31 037
Wijziging van de Wet educatie en beroepsonderwijs in verband met invoering van de leerlinggebonden financiering voor deelnemers in het beroepsonderwijs

B
VOORLOPIG VERSLAG VAN DE VASTE COMMISSIE VOOR ONDERWIJS, CULTUUR EN WETENSCHAPSBELEID1

Vastgesteld 8 april 2008

Het voorbereidend onderzoek van dit wetsvoorstel heeft de commissie aanleiding gegeven tot het maken van de volgende opmerkingen en het stellen van de volgende vragen.

De leden van de fracties van ChristenUnie en SGP hebben met instemming kennisgenomen van wetsvoorstel 31 037 Wijziging van de Wet educatie en beroepsonderwijs in verband met invoering van de leerlinggebonden financiering voor deelnemers in het beroepsonderwijs. Dit neemt niet weg dat deze leden de regering nog enkele vragen wensen voor te leggen.

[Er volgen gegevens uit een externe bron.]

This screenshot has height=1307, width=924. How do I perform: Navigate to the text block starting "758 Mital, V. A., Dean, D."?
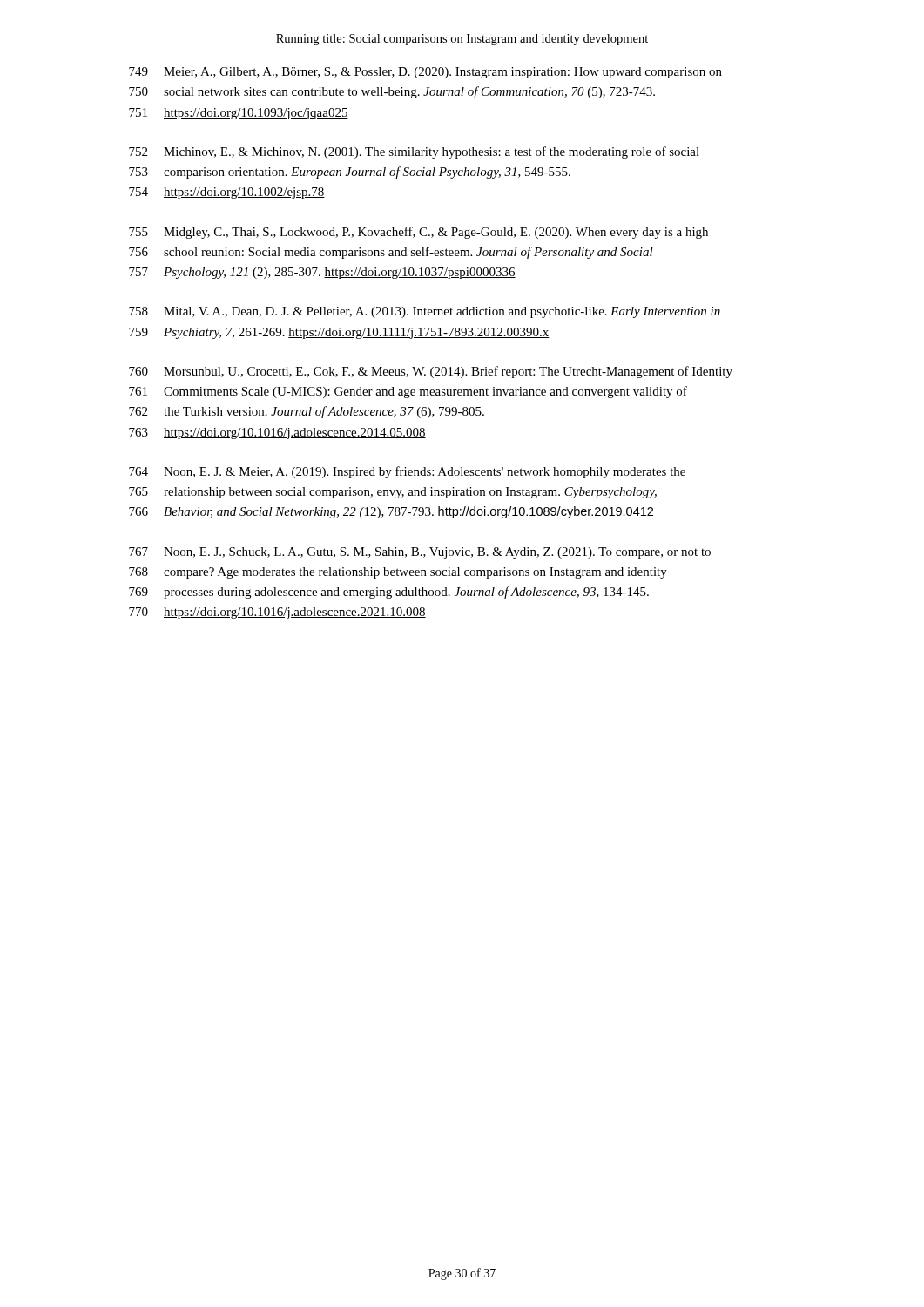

De leden van de bovengenoemde fracties vernemen graag van de regering hoe thans concreet de relatie is tussen het onderhavige wetsvoorstel en het wetsvoorstel Wijziging van de Wet op de expertisecentra, de Wet op het primair onderwijs en de Wet op het voortgezet onderwijs in verband met de invoering van een leerlinggebonden financiering en de vorming van regionale expertisecentra (regeling leerlinggebonden financiering) (Kamerstuk 27 728) dat ook betrekking heeft op de invoering van leerlinggebonden financiering. Deze leden vragen of het laatstgenoemde wetsvoorstel ertoe leidt dat wellicht op redelijk korte termijn het onderhavige wetsvoorstel weer moet worden aangepast.

Een belangrijk punt voor deze leden is de beschikbaarheid van leerlinggebonden financiering voor mbo-leerlingen die dat nodig hebben. Hierbij dient het aantal leerlingen dat leerlinggebonden financiering behoeft het uitgangspunt te zijn en niet het beschikbare budget noch een strategie waarin het aantal leerlingen met leerlinggebonden financiering zo gering mogelijk wordt gehouden. De leden nemen aan dat de regering het hiermee eens is en verzoeken de regering de Kamer aan te geven hoe de regering dit naar de betreffende scholen communiceert. Bestaat inderdaad de garantie dat elke voor leerlinggebonden financiering in aanmerking komende leerling leerlinggebonden financiering krijgt, ook bij overschrijding van het beschikbare budget? Verwacht de regering dat het aantal leerlingen dat in aanmerking komt voor leerlinggebonden financiering (nog) verder zal stijgen?

Deze leden zien de door de regering te beantwoorden vragen met belangstelling tegemoet.

De voorzitter van de commissie,

Dölle

De griffier a.i. van de commissie,

Van Oort


XNoot
1

Samenstelling:

Schuurman (CU), Holdijk (SGP), Dupuis (VVD), Dölle (CDA), voorzitter, Tan (PvdA), vice-voorzitter, Meulenbelt (SP), Ten Hoeve (OSF), Linthorst (PvdA), Biermans (VVD), Essers (CDA), Schouw (D66), Leijnse (PvdA), Thissen (GL), Slager (SP), Goyert (CDA), De Boer (CU), Asscher (VVD), Hillen (CDA), Laurier (GL), Hermans (VVD), Ten Horn (SP), Meurs (PvdA), Leunissen (CDA), Koffeman (PvdD), Kuiper (CU), Lagerwerf-Vergunst (CU), Vliegenthart (SP) en Yildirim (Fractie-Yildirim).